The ideas that spawned the African Renaissance found practicability in the formation of the New Partnership for Africa’s Development (NEPAD) as an arm of the then Organization of African Unity (OAU) in Lusaka in 2001 (Ezeoha & Uche 2005:6-7). Thabo Mbeki, Algerian President Abdelaziz Bouteflika and former Nigerian president Olusegun Obasanjo were tasked with mooting a mechanism initially framed as the Millennium Africa Recovery/Renaissance Plan (MAP) and focused on debt cancellation at a significant OAU extraordinary meeting in late Muamar Gadaffi’s hometown of Sirte, Libya in 1999. NEPAD also incorporated a similar effort dubbed Omega Plan by former Senegalese president Abdoulaye Wade (Ezeoha & Uche 2005:16; OAU/AU, n.d; Kornegay, et.al 2001:106). NEPAD was seen as a vehicle for a departure from failed continental approaches to development as prescribed by, among others, the OAU’s Lagos Plan of Action of 1980 and the IMF/World Bank (WB) Structural Adjustment Programs (SAPS) ( Ezeoha & Uche 2005; NEPAD 2001 13; 15). Riding on this momentum, the OAU was renamed African Union (AU) in 2002 (see OAU/AU, n.d).

Contestation of African Renaissance concept

From early on in its formulation and winding well into the decade of the 2010s, there were contestations about various cleavages of African Renaissance.

The first and very basic argument was the labeling of Africa’s rebirth as “African Renaissance” which was seen as an echo of the “European Renaissance,” thus, lacking in originality (Maloka 2001: 8; Cossa 2009:12).

It would appear however, that Thabo Mbeki sought to look outside of the continent for internal inspiration. This is evident in his seeking to learn from other renewal experiences not just European but for instance, the Japanese Meiji Restoration of the nineteenth century (Thabo Mbeki, 1998a). Okumu (2002:6-9, 12), explained that a study of the European Renaissance ‘does not mean imitating or blindly copying everything European,’ but borrowing from it. 

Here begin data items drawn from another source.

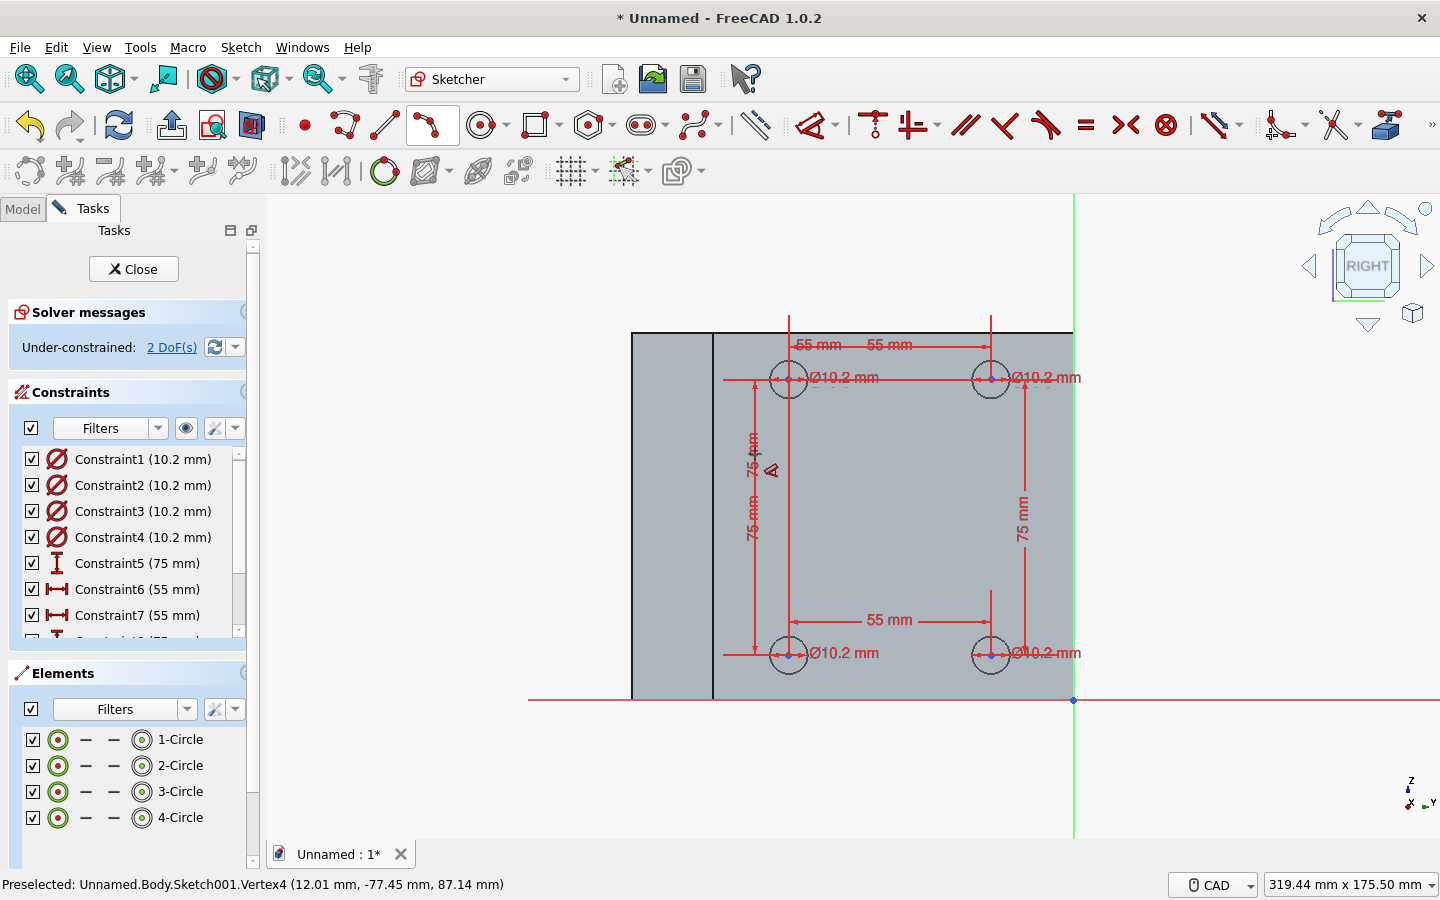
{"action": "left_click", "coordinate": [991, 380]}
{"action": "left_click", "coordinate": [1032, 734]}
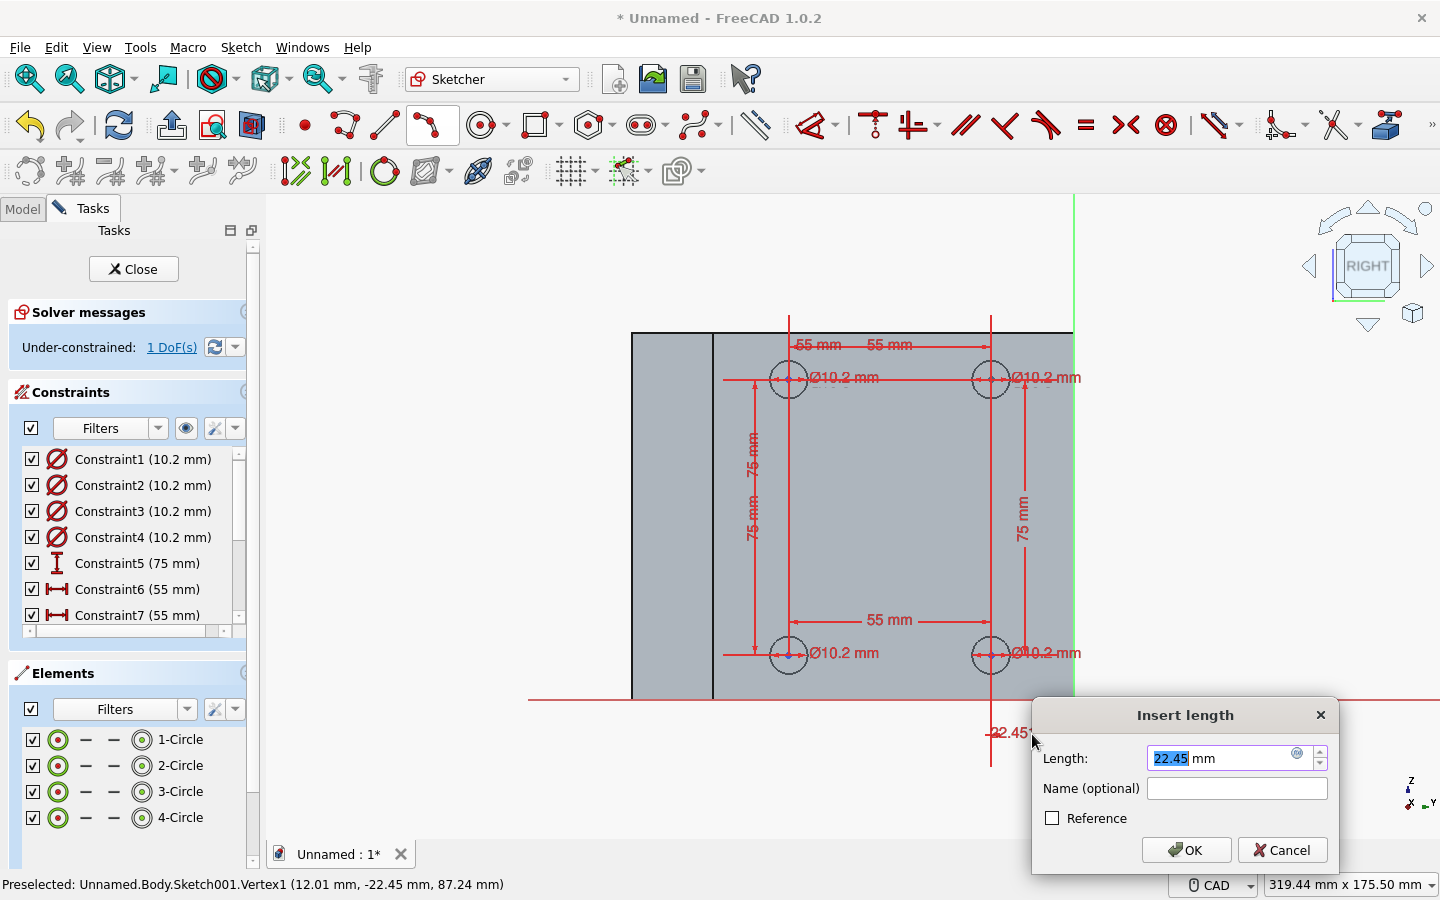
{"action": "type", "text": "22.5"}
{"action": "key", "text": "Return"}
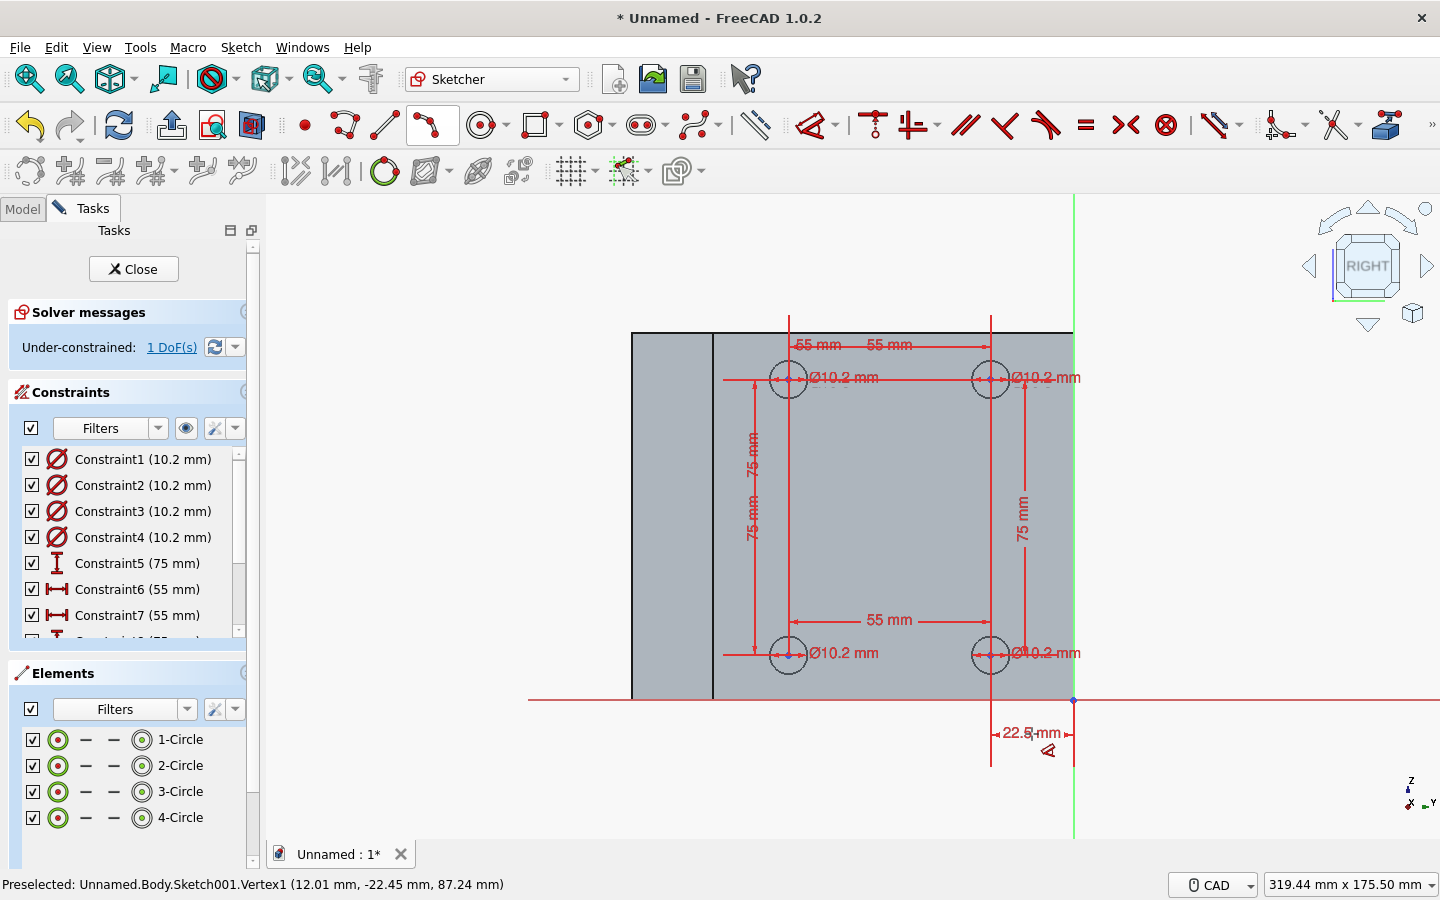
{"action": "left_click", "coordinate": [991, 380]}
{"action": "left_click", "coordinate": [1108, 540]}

The second contestation was the conception as the third moment in Africa’s awakening. The main argument was that the coinage glossed over historical initiatives – key among them the decolonization movement and the intellectual and pragmatic works of the Africanist movement of the 19th century particularly the works of Cheikh Anta Diopvii  as well as the work of the Pan-African research think tank, the Council for the Development of Social Science Research in Africa (CODSRIA) (Cossa 2009:4-5; Nabudere 2001:15;  Maloka 2001:25-27). Makalela and Sistrunk (2002) put particular emphasis on the essays of Cheikh Anta Diop entitled Towards the African Renaissance: Essays in Culture and Development and published between 1946 and 1960. Accordingly, it was generally disputed that Thabo Mbeki should be credited with originating the African Renaissance concept/movement.

These arguments seem not to have neglected the fact Thabo Mbeki had repeatedly referenced the place of history, for instance the flourishing Timbuktu Royal Court in Mali in the fifteenth century among other African renaissances as well as citing Cheikh Anta Diop’s work (Thabo Mbeki, 1998a; 1998b).

The third key contestation was about a Pan-African “ownership” of the project against a perceived ring fencing of the initiative by South Africa. For instance in their paper, urging the US to ‘Participate in the African Renaissance’, Kornegay, et.al (2001) implied that South Africa and to a lesser extent Nigeria, should be the lynchpin of US engagement on the continent. Nabudere 92001:22) went as far as to predict that the African Renaissance would ‘fail’ due to ‘narrow focusing on South African struggle without this wider perspective of history’ and geography.

The perceived South Africa-centricity is what Moeletsi Mbeki (2000:79) referred to as ‘a triumphalist syndrome that afflicts newly liberated African countries,’ while Ezeoha & Uche’s (2005) and Nabudere (2001:19) saw the creation of NEPAD as serving South African interests, especially corporate interests in the rest of Africa. Maloka (2001:27) argued that not only was the African Renaissance ‘a South African foreign policy’ marked by popularity at home, but it had also failed to resonate elsewhere on the continent, a view bolstered by Nabudere (2001:19).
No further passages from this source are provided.